How to complete this task: Make an exact copy, from the records below, of the lines from the line containing "4) Rearranging this" to the line containing "Are there any", both lines included, excluding pictures.

[Extracted records]

"""

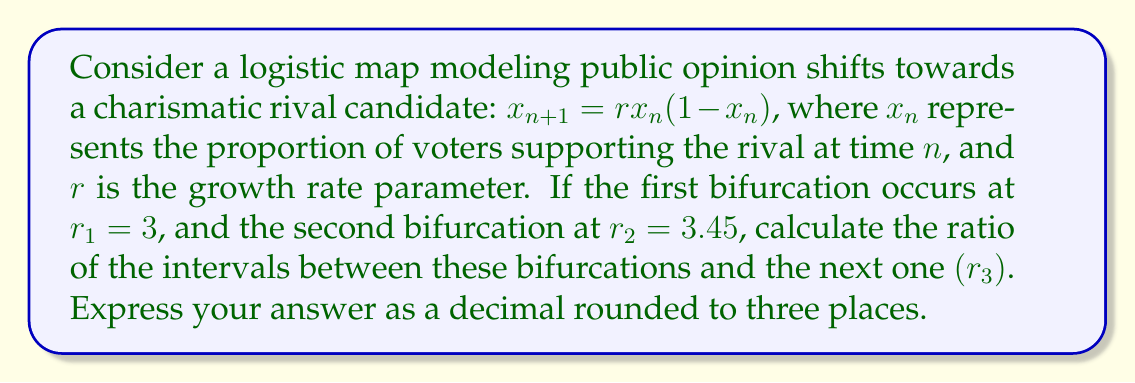Solve this math problem. To solve this problem, we'll follow these steps:

1) In the logistic map, bifurcations occur in a pattern known as period-doubling cascade. The Feigenbaum constant describes the asymptotic ratio of the intervals between successive bifurcations.

2) The Feigenbaum constant $\delta$ is approximately 4.669201...

3) We can use the Feigenbaum constant to estimate the location of the third bifurcation point $r_3$:

   $$\delta \approx \frac{r_2 - r_1}{r_3 - r_2}$$

4) Rearranging this equation:

   $$r_3 \approx r_2 + \frac{r_2 - r_1}{\delta}$$

5) Let's substitute the known values:

   $$r_3 \approx 3.45 + \frac{3.45 - 3}{4.669201}$$

6) Calculating:

   $$r_3 \approx 3.45 + \frac{0.45}{4.669201} \approx 3.45 + 0.0963 \approx 3.5463$$

7) Now we can calculate the ratio of the intervals:

   $$\frac{r_2 - r_1}{r_3 - r_2} = \frac{3.45 - 3}{3.5463 - 3.45} \approx \frac{0.45}{0.0963} \approx 4.672$$

8) Rounding to three decimal places: 4.672

This ratio closely approximates the Feigenbaum constant, demonstrating the universal scaling behavior in the period-doubling cascade, which models the increasingly rapid shifts in public opinion as the system approaches chaos.
Answer: 4.672 
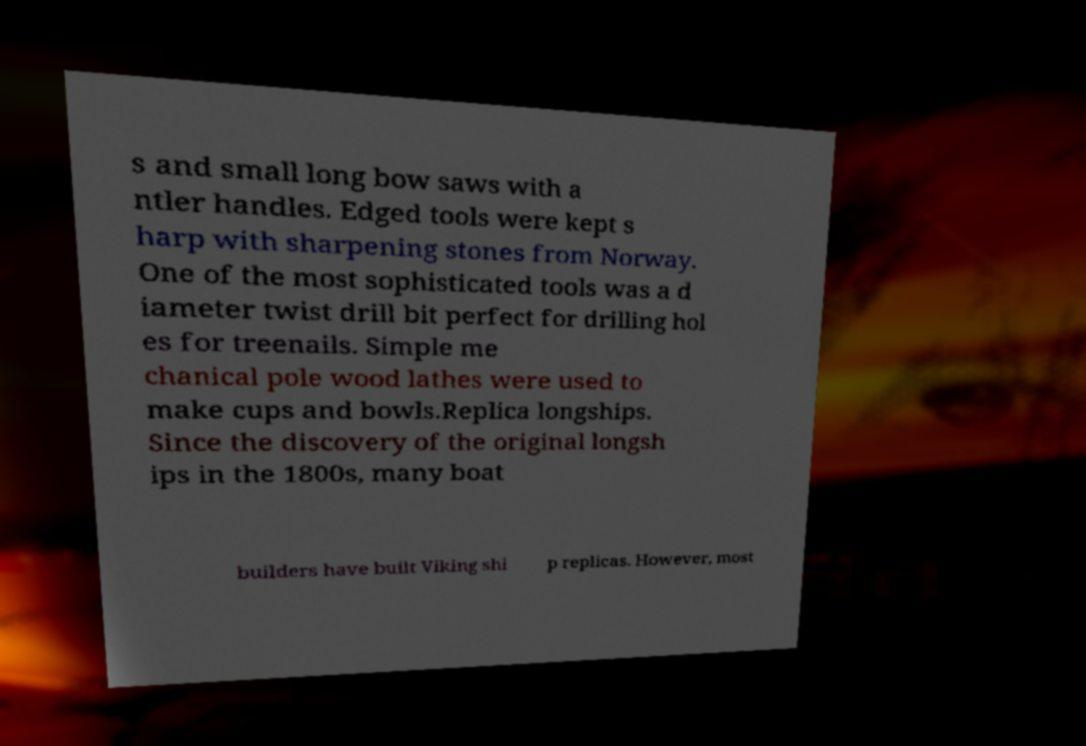Could you assist in decoding the text presented in this image and type it out clearly? s and small long bow saws with a ntler handles. Edged tools were kept s harp with sharpening stones from Norway. One of the most sophisticated tools was a d iameter twist drill bit perfect for drilling hol es for treenails. Simple me chanical pole wood lathes were used to make cups and bowls.Replica longships. Since the discovery of the original longsh ips in the 1800s, many boat builders have built Viking shi p replicas. However, most 
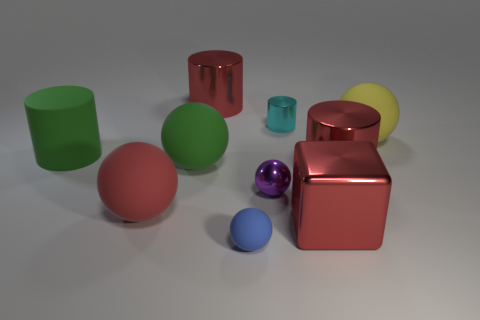Are there any large gray matte things of the same shape as the blue object?
Make the answer very short. No. Does the purple shiny object have the same shape as the big red metallic object in front of the purple shiny thing?
Ensure brevity in your answer.  No. There is a rubber object that is on the left side of the blue thing and behind the large green matte sphere; what size is it?
Give a very brief answer. Large. How many small blue balls are there?
Your response must be concise. 1. There is a cylinder that is the same size as the blue ball; what material is it?
Give a very brief answer. Metal. Is there a matte cylinder that has the same size as the purple metallic thing?
Give a very brief answer. No. There is a metallic cylinder on the left side of the blue sphere; is its color the same as the big metallic cylinder on the right side of the blue object?
Ensure brevity in your answer.  Yes. What number of rubber objects are either big things or small purple spheres?
Your answer should be very brief. 4. There is a tiny ball that is behind the matte sphere in front of the red block; how many big things are in front of it?
Ensure brevity in your answer.  2. There is a purple object that is the same material as the small cylinder; what size is it?
Your answer should be very brief. Small. 
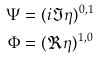<formula> <loc_0><loc_0><loc_500><loc_500>\Psi & = ( i \Im \eta ) ^ { 0 , 1 } \\ \Phi & = ( \Re \eta ) ^ { 1 , 0 }</formula> 
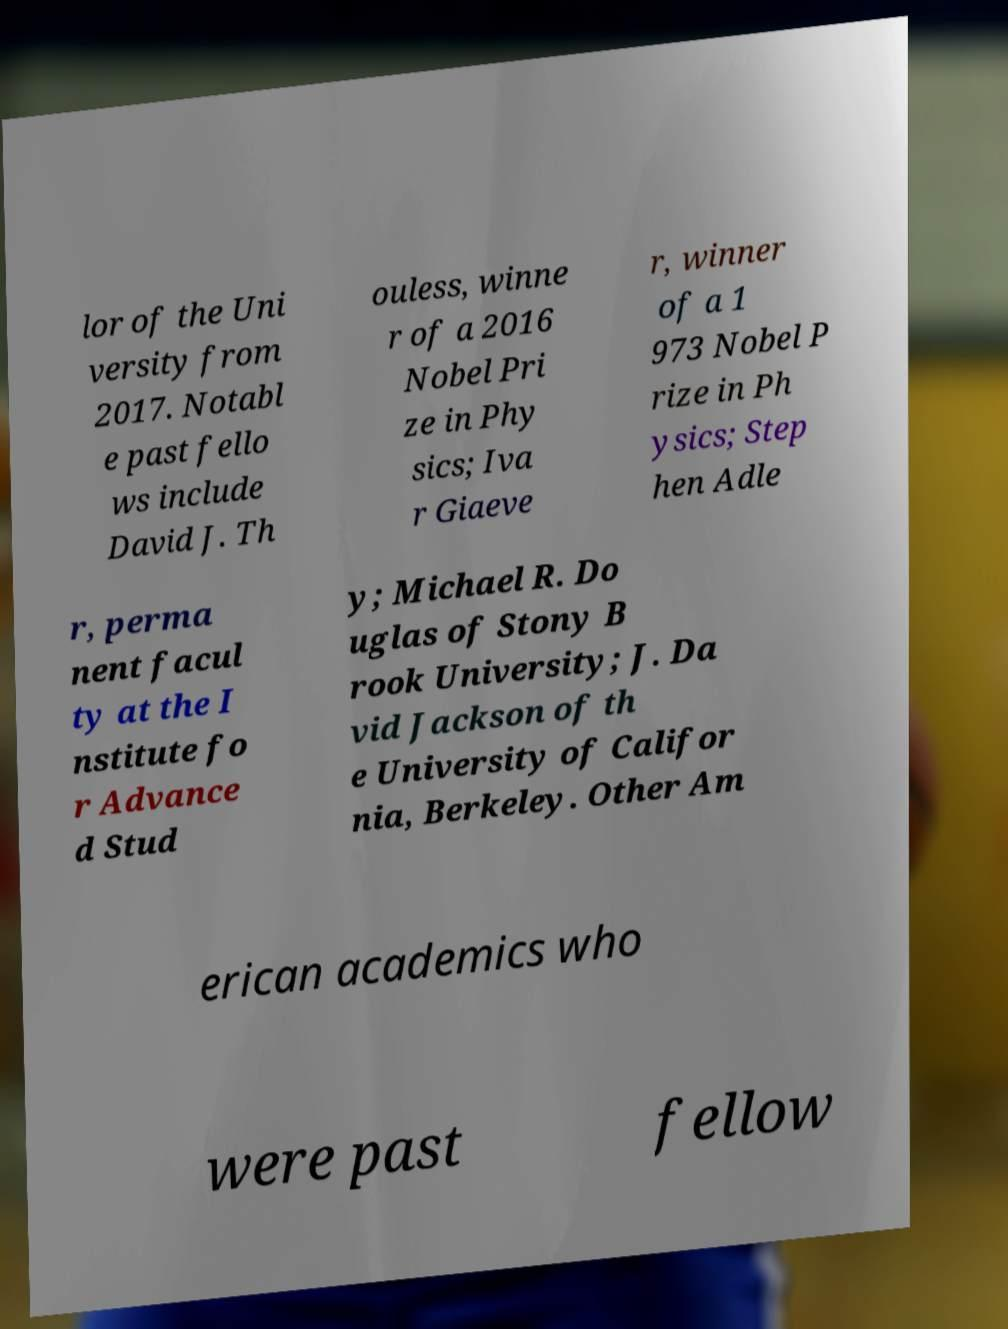Can you read and provide the text displayed in the image?This photo seems to have some interesting text. Can you extract and type it out for me? lor of the Uni versity from 2017. Notabl e past fello ws include David J. Th ouless, winne r of a 2016 Nobel Pri ze in Phy sics; Iva r Giaeve r, winner of a 1 973 Nobel P rize in Ph ysics; Step hen Adle r, perma nent facul ty at the I nstitute fo r Advance d Stud y; Michael R. Do uglas of Stony B rook University; J. Da vid Jackson of th e University of Califor nia, Berkeley. Other Am erican academics who were past fellow 
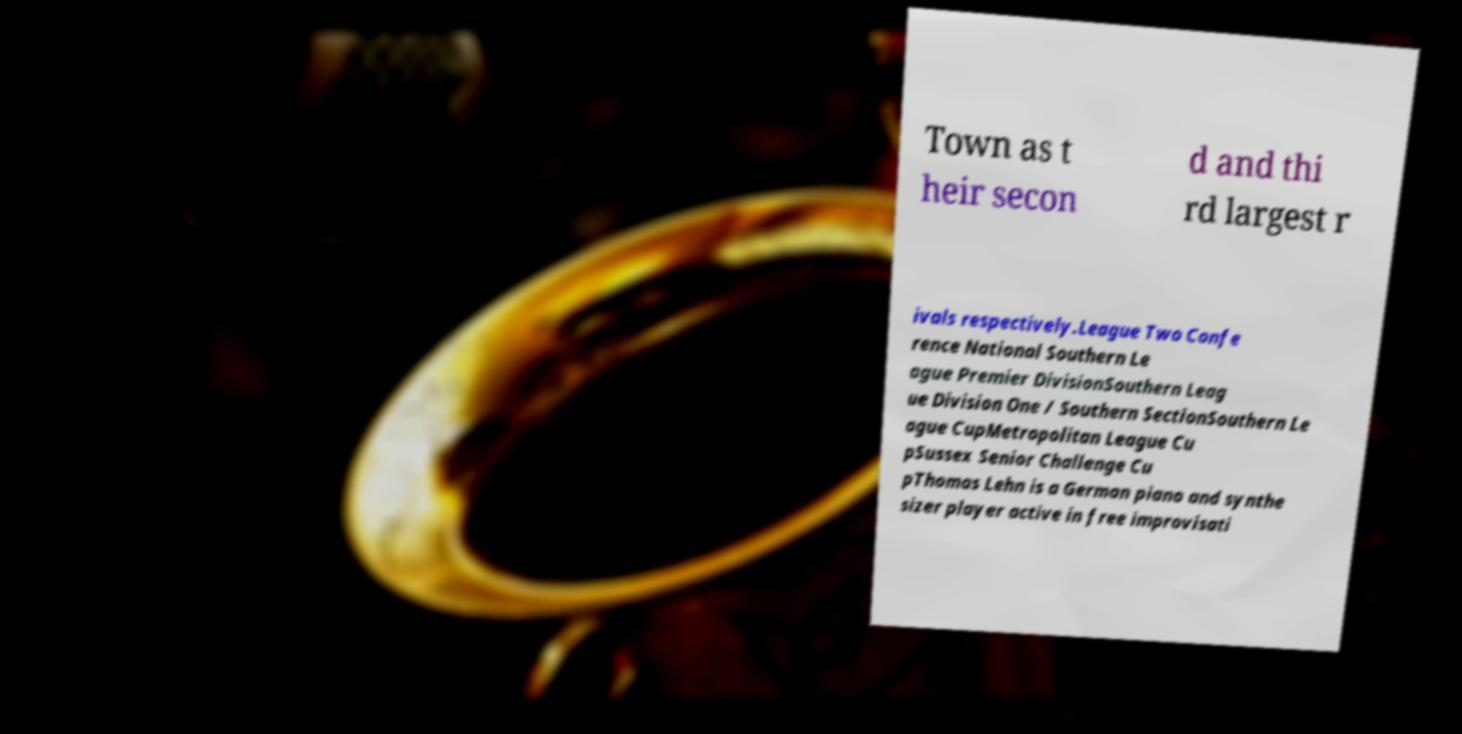Can you read and provide the text displayed in the image?This photo seems to have some interesting text. Can you extract and type it out for me? Town as t heir secon d and thi rd largest r ivals respectively.League Two Confe rence National Southern Le ague Premier DivisionSouthern Leag ue Division One / Southern SectionSouthern Le ague CupMetropolitan League Cu pSussex Senior Challenge Cu pThomas Lehn is a German piano and synthe sizer player active in free improvisati

"""

Solution to this exercise:
4) Rearranging this equation:

   $$r_3 \approx r_2 + \frac{r_2 - r_1}{\delta}$$

5) Let's substitute the known values:

   $$r_3 \approx 3.45 + \frac{3.45 - 3}{4.669201}$$

6) Calculating:

   $$r_3 \approx 3.45 + \frac{0.45}{4.669201} \approx 3.45 + 0.0963 \approx 3.5463$$

7) Now we can calculate the ratio of the intervals:

   $$\frac{r_2 - r_1}{r_3 - r_2} = \frac{3.45 - 3}{3.5463 - 3.45} \approx \frac{0.45}{0.0963} \approx 4.672$$

8) Rounding to three decimal places: 4.672

This ratio closely approximates the Feigenbaum constant, demonstrating the universal scaling behavior in the period-doubling cascade, which models the increasingly rapid shifts in public opinion as the system approaches chaos.
Answer: 4.672 
Could you assist in decoding the text presented in this image and type it out clearly? s and small long bow saws with a ntler handles. Edged tools were kept s harp with sharpening stones from Norway. One of the most sophisticated tools was a d iameter twist drill bit perfect for drilling hol es for treenails. Simple me chanical pole wood lathes were used to make cups and bowls.Replica longships. Since the discovery of the original longsh ips in the 1800s, many boat builders have built Viking shi p replicas. However, most 
Are there any large gray matte things of the same shape as the blue object?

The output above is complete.